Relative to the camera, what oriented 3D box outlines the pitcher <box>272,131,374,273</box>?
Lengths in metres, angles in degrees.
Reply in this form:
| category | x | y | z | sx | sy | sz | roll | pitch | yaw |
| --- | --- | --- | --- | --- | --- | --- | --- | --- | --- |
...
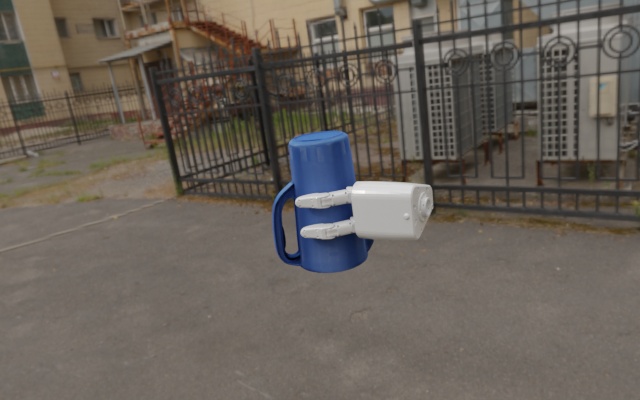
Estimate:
| category | x | y | z | sx | sy | sz | roll | pitch | yaw |
| --- | --- | --- | --- | --- | --- | --- | --- | --- | --- |
| pitcher | 0.000 | 0.003 | 0.873 | 0.145 | 0.243 | 0.149 | 2 | 19 | 31 |
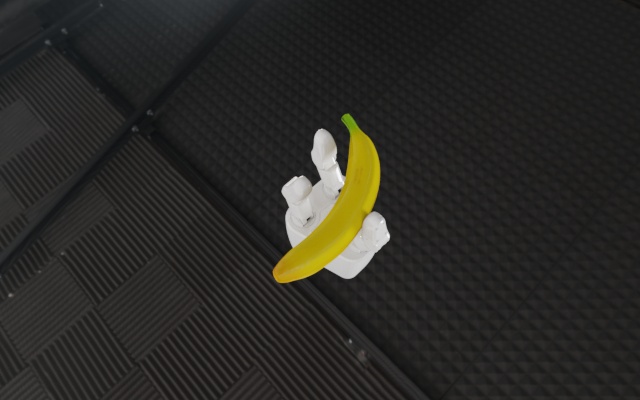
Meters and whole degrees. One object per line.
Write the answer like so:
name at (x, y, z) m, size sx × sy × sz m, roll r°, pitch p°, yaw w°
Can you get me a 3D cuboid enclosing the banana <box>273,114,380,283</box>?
banana at (0.018, 0.006, 0.504) m, size 0.069 × 0.197 × 0.037 m, roll 23°, pitch -19°, yaw -1°
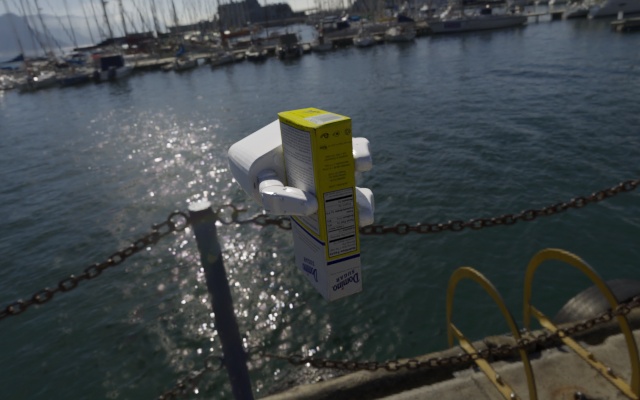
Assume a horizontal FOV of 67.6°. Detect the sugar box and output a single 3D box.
[{"bbox_3d":[0.001,0.001,0.481,0.048,0.176,0.093,-15,23,-20],"label":"sugar box"}]
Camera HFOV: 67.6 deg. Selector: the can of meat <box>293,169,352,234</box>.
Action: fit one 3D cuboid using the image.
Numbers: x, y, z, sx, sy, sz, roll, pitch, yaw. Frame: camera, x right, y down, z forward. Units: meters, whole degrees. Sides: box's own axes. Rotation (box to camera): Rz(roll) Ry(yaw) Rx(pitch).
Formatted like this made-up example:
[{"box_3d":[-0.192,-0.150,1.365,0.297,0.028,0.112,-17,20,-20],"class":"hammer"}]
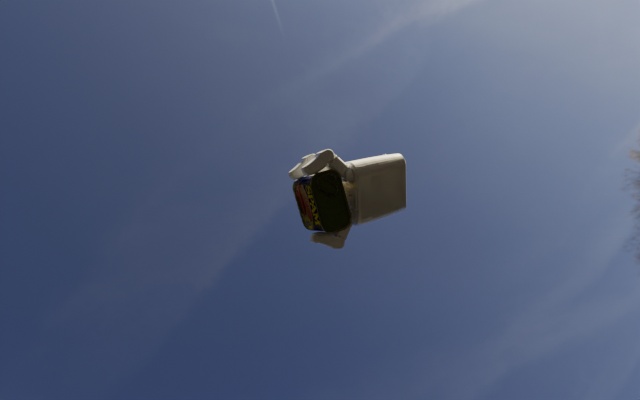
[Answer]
[{"box_3d":[0.000,0.003,0.806,0.057,0.102,0.084,-18,6,-25],"class":"can of meat"}]
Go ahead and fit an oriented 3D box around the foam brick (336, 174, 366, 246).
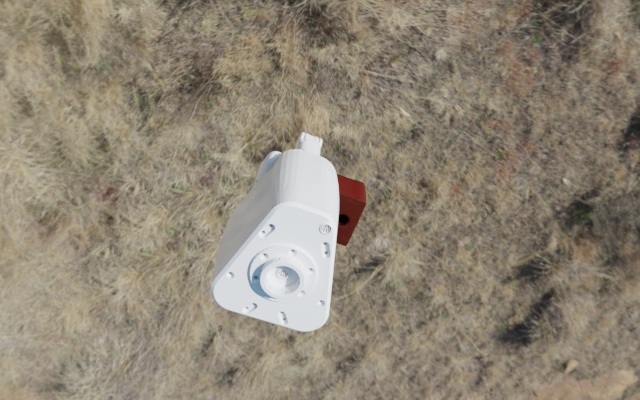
[{"bbox_3d":[0.000,0.002,0.474,0.078,0.053,0.051,19,24,-9],"label":"foam brick"}]
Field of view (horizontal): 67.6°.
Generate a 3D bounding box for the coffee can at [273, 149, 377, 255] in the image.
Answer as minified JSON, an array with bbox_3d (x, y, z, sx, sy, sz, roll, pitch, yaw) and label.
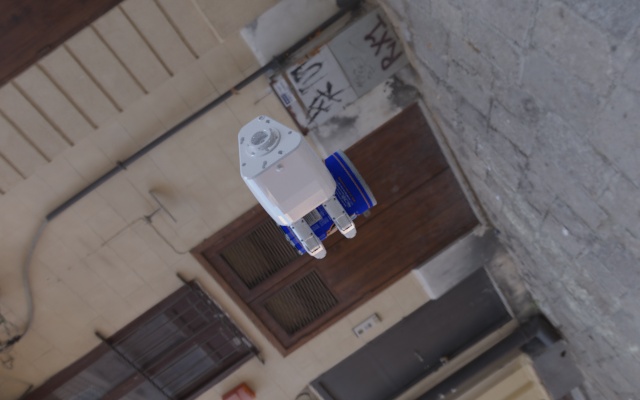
[{"bbox_3d":[0.000,0.002,0.733,0.140,0.103,0.103,-35,0,0],"label":"coffee can"}]
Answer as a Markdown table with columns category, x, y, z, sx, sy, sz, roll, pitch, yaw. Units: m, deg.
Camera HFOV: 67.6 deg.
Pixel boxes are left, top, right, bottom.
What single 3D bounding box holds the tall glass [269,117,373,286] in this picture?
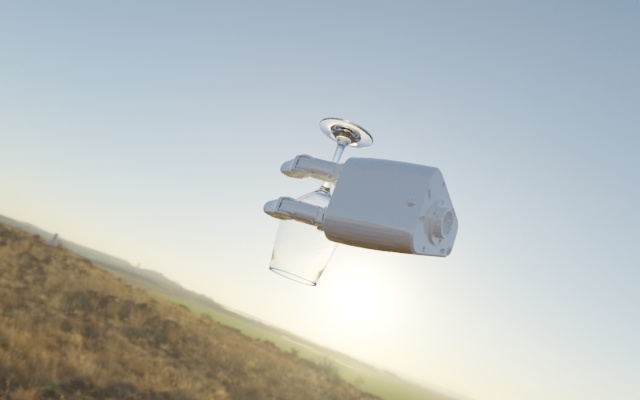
| category | x | y | z | sx | sy | sz | roll | pitch | yaw |
| --- | --- | --- | --- | --- | --- | --- | --- | --- | --- |
| tall glass | 0.000 | 0.001 | 0.596 | 0.079 | 0.201 | 0.079 | 19 | -15 | 5 |
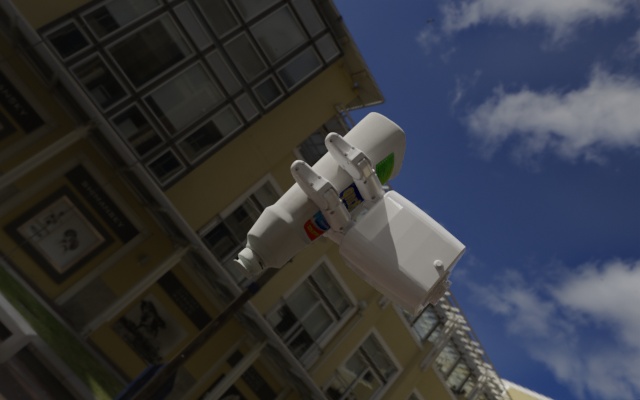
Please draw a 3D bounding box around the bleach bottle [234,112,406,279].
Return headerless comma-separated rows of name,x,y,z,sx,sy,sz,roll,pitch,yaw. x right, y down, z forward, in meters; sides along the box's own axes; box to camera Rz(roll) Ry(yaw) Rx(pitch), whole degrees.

☆ ☆ ☆

# The task
Restate each record from above word for word, excluding any picture it holds.

# Response area
Relative to the camera, what oriented 3D box outlines the pitcher <box>272,131,374,273</box>?
Lengths in metres, angles in degrees.
Reply in this form:
| category | x | y | z | sx | sy | sz | roll | pitch | yaw |
| --- | --- | --- | --- | --- | --- | --- | --- | --- | --- |
...
Estimate:
| category | x | y | z | sx | sy | sz | roll | pitch | yaw |
| --- | --- | --- | --- | --- | --- | --- | --- | --- | --- |
| pitcher | 0.000 | 0.003 | 0.873 | 0.145 | 0.243 | 0.149 | 2 | 19 | 31 |
Meters and whole degrees. One object per line.
Write the answer like so:
name at (x, y, z) m, size sx × sy × sz m, roll r°, pitch p°, yaw w°
Can you get me a 3D cuboid enclosing the banana <box>273,114,380,283</box>?
banana at (0.018, 0.006, 0.504) m, size 0.069 × 0.197 × 0.037 m, roll 23°, pitch -19°, yaw -1°
Assume a horizontal FOV of 67.6°. Detect the sugar box and output a single 3D box.
[{"bbox_3d":[0.001,0.001,0.481,0.048,0.176,0.093,-15,23,-20],"label":"sugar box"}]
Camera HFOV: 67.6 deg. Selector: the can of meat <box>293,169,352,234</box>.
Action: fit one 3D cuboid using the image.
Numbers: x, y, z, sx, sy, sz, roll, pitch, yaw. Frame: camera, x right, y down, z forward. Units: meters, whole degrees. Sides: box's own axes. Rotation (box to camera): Rz(roll) Ry(yaw) Rx(pitch).
Formatted like this made-up example:
[{"box_3d":[-0.192,-0.150,1.365,0.297,0.028,0.112,-17,20,-20],"class":"hammer"}]
[Answer]
[{"box_3d":[0.000,0.003,0.806,0.057,0.102,0.084,-18,6,-25],"class":"can of meat"}]
Go ahead and fit an oriented 3D box around the foam brick (336, 174, 366, 246).
[{"bbox_3d":[0.000,0.002,0.474,0.078,0.053,0.051,19,24,-9],"label":"foam brick"}]
Field of view (horizontal): 67.6°.
Generate a 3D bounding box for the coffee can at [273, 149, 377, 255] in the image.
Answer as minified JSON, an array with bbox_3d (x, y, z, sx, sy, sz, roll, pitch, yaw) and label.
[{"bbox_3d":[0.000,0.002,0.733,0.140,0.103,0.103,-35,0,0],"label":"coffee can"}]
Answer as a Markdown table with columns category, x, y, z, sx, sy, sz, roll, pitch, yaw. Units: m, deg.
Camera HFOV: 67.6 deg.
Pixel boxes are left, top, right, bottom.
What single 3D bounding box holds the tall glass [269,117,373,286] in this picture?
| category | x | y | z | sx | sy | sz | roll | pitch | yaw |
| --- | --- | --- | --- | --- | --- | --- | --- | --- | --- |
| tall glass | 0.000 | 0.001 | 0.596 | 0.079 | 0.201 | 0.079 | 19 | -15 | 5 |
Please draw a 3D bounding box around the bleach bottle [234,112,406,279].
Return headerless comma-separated rows of name,x,y,z,sx,sy,sz,roll,pitch,yaw. x right, y down, z forward, in meters; sides along the box's own axes; box to camera Rz(roll) Ry(yaw) Rx(pitch), whole degrees.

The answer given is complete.